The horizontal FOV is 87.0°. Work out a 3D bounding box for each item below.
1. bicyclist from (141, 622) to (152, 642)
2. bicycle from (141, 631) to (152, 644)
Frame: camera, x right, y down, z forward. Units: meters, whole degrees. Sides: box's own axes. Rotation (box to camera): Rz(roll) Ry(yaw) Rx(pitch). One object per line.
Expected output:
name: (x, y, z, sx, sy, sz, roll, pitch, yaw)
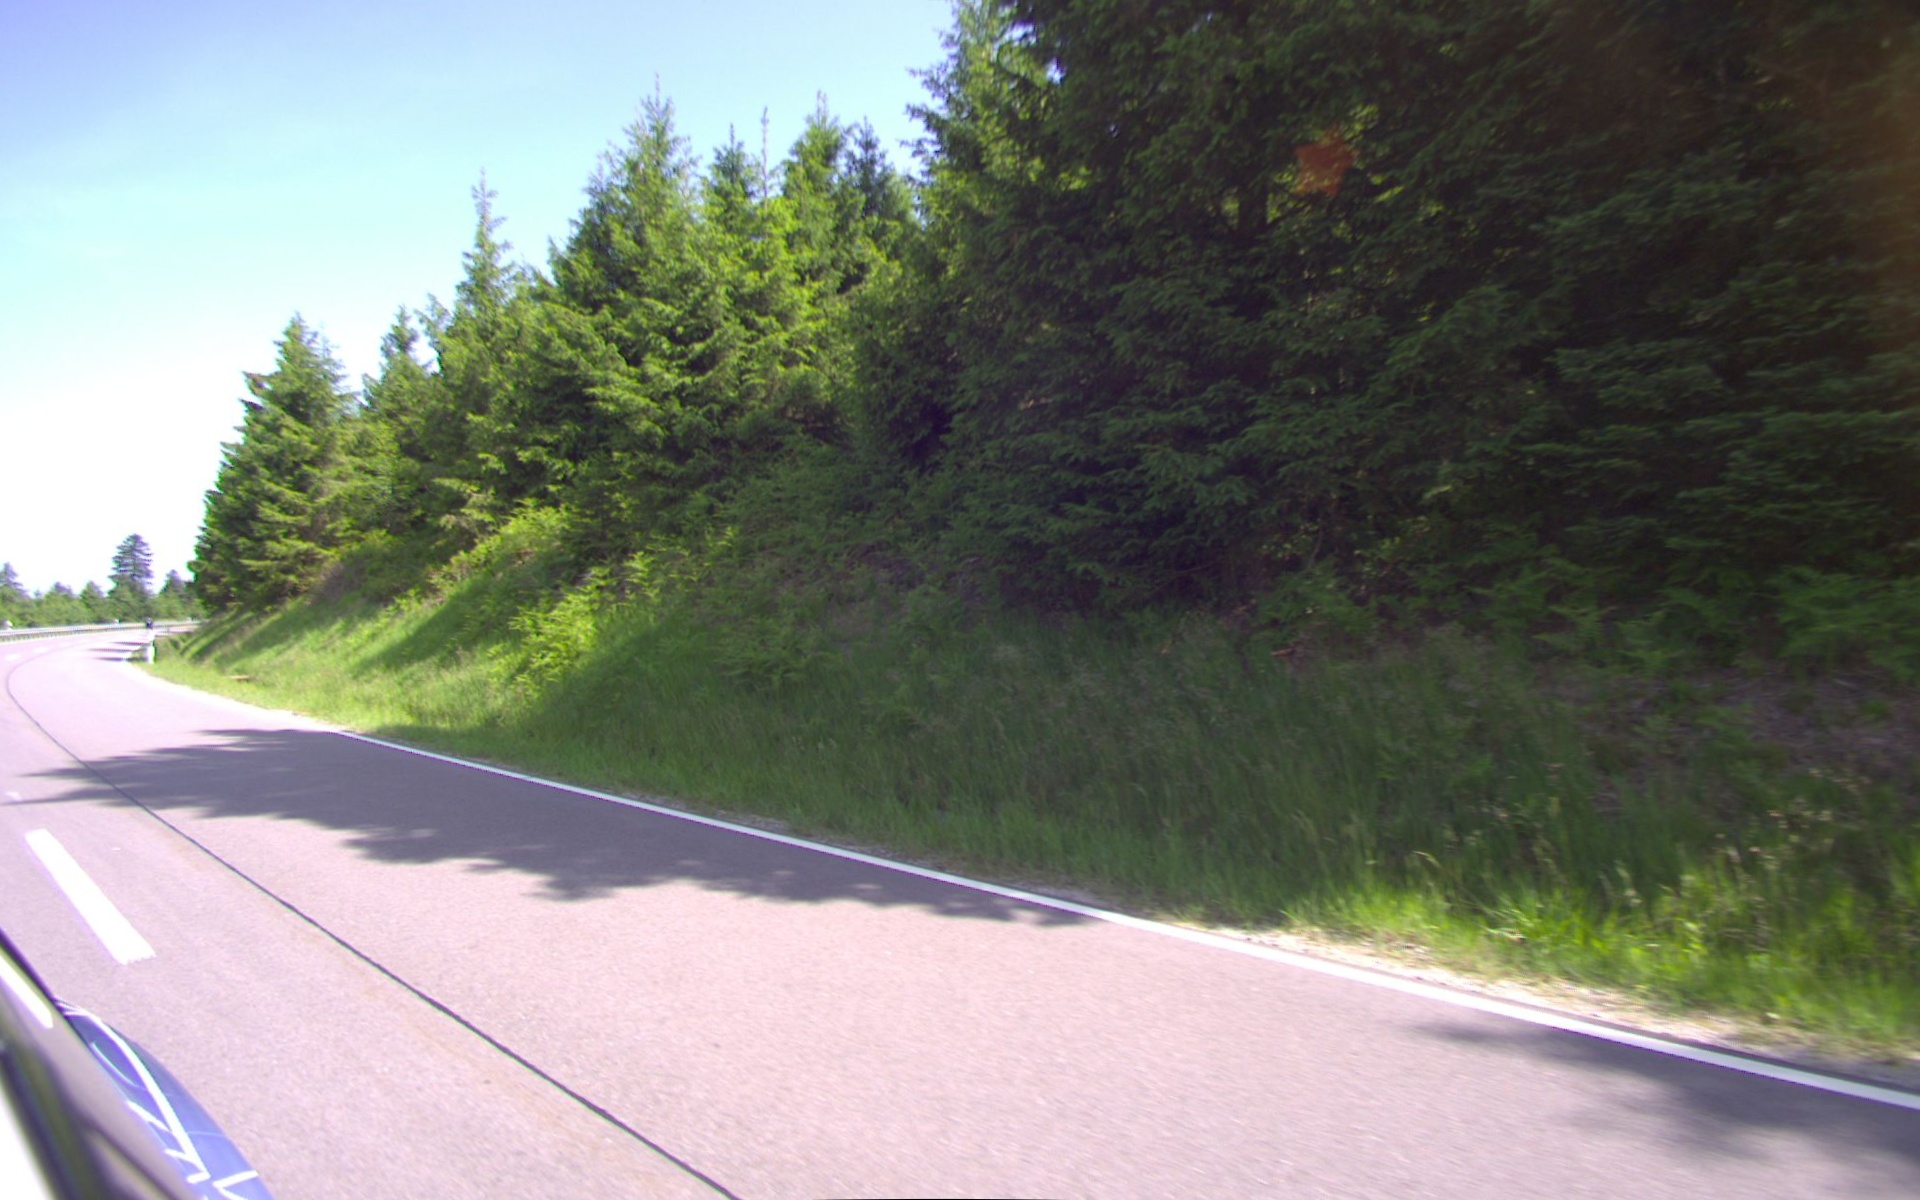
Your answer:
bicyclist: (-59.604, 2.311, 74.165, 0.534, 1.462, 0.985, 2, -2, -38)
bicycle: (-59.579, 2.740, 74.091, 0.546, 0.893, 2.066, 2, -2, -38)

= = = = = = =

Please print every record exactly as written, without the pictures.

The horizontal FOV is 87.0°. Work out a 3D bounding box for each item below.
1. bicyclist from (141, 622) to (152, 642)
2. bicycle from (141, 631) to (152, 644)
Frame: camera, x right, y down, z forward. Units: meters, whole degrees. Sides: box's own axes. Rotation (box to camera): Rz(roll) Ry(yaw) Rx(pitch). One object per line.
Expected output:
name: (x, y, z, sx, sy, sz, roll, pitch, yaw)
Your answer:
bicyclist: (-59.604, 2.311, 74.165, 0.534, 1.462, 0.985, 2, -2, -38)
bicycle: (-59.579, 2.740, 74.091, 0.546, 0.893, 2.066, 2, -2, -38)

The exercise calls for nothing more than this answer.